By Junaid Jahangir, New Age Islam

10 June 2021

Malala Bashers Feel A Constant Existential Threat To Their Faith

Main Points:

1.    Pakistanis rail against Malala on Nikah.

2.    Protecting the Islamic family institution is hard.

3.    Malala bashers should convert all their negative energies to positive contributions by railing out against excessive and expensive Nikah rituals.

4.    Nikah, whether religious or civil, is nothing but a contract.



Malala Yousafzai has graced the cover of British Vogue's latest edition. (Source: Malala/Instagram)

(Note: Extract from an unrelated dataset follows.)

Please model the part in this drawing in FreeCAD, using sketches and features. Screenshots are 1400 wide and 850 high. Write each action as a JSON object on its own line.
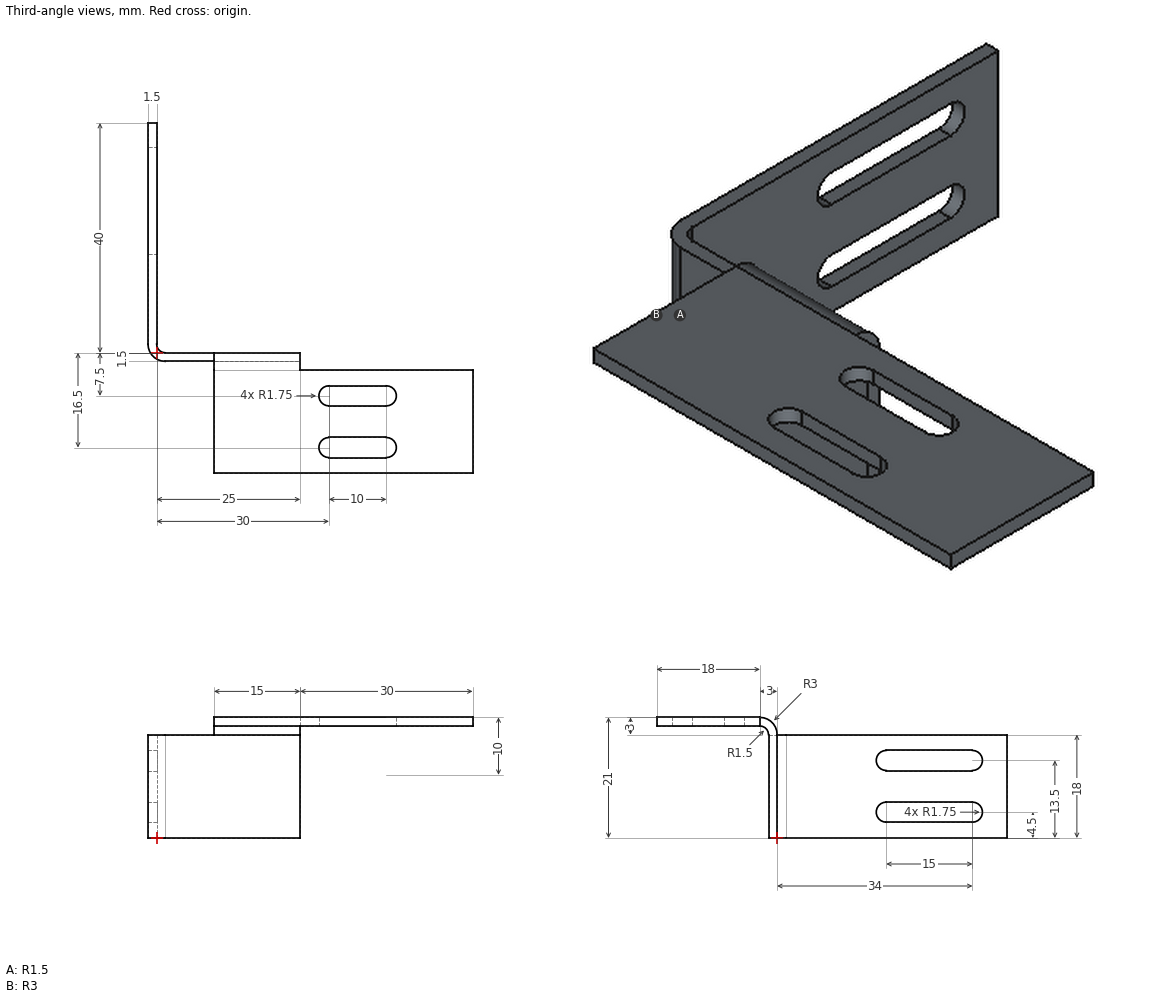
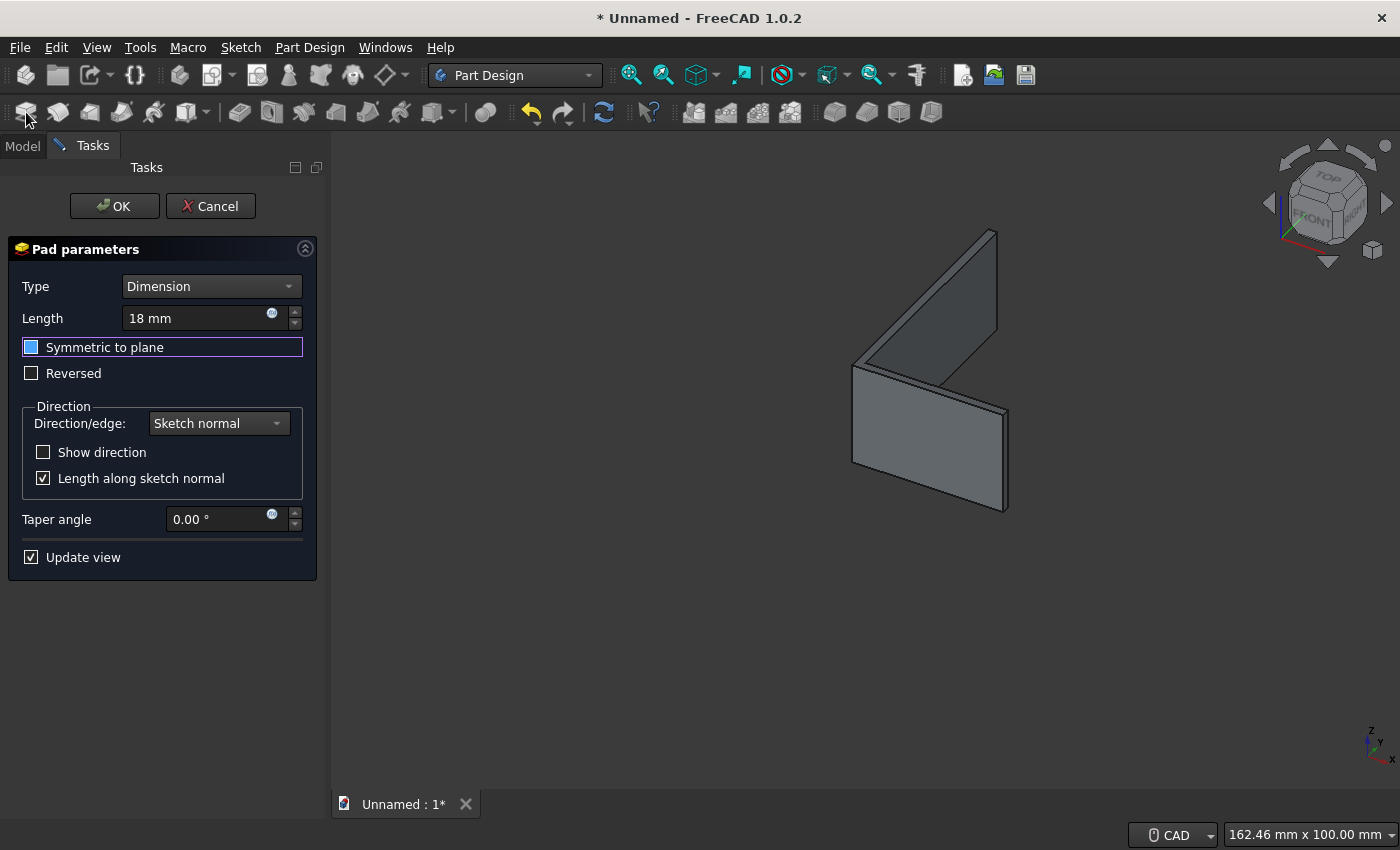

Malala bashing happens sporadically. A lot of Chavli (nonsense) is hurled. Such bashers feel a constant existential threat to their faith. They create a senseless social media storm and then it’s back to business as usual until the next round. It is not clear whether such people have anything positive to contribute beyond Malala bashing. Of course, social media venting can be cathartic, but the question is then what? 

In the latest round of the Pakistani favourite pastime of Malala bashing, an existential threat was perceived against the institution of Nikah (marriage). Malala’s personal comments to a British fashion magazine were made into a religious edict. Suddenly, a woman reviled for being a western puppet was treated as a role model for Pakistani girls and all hell was let loose. However, it is not clear what exactly were those offended trying to achieve beyond public masturbation.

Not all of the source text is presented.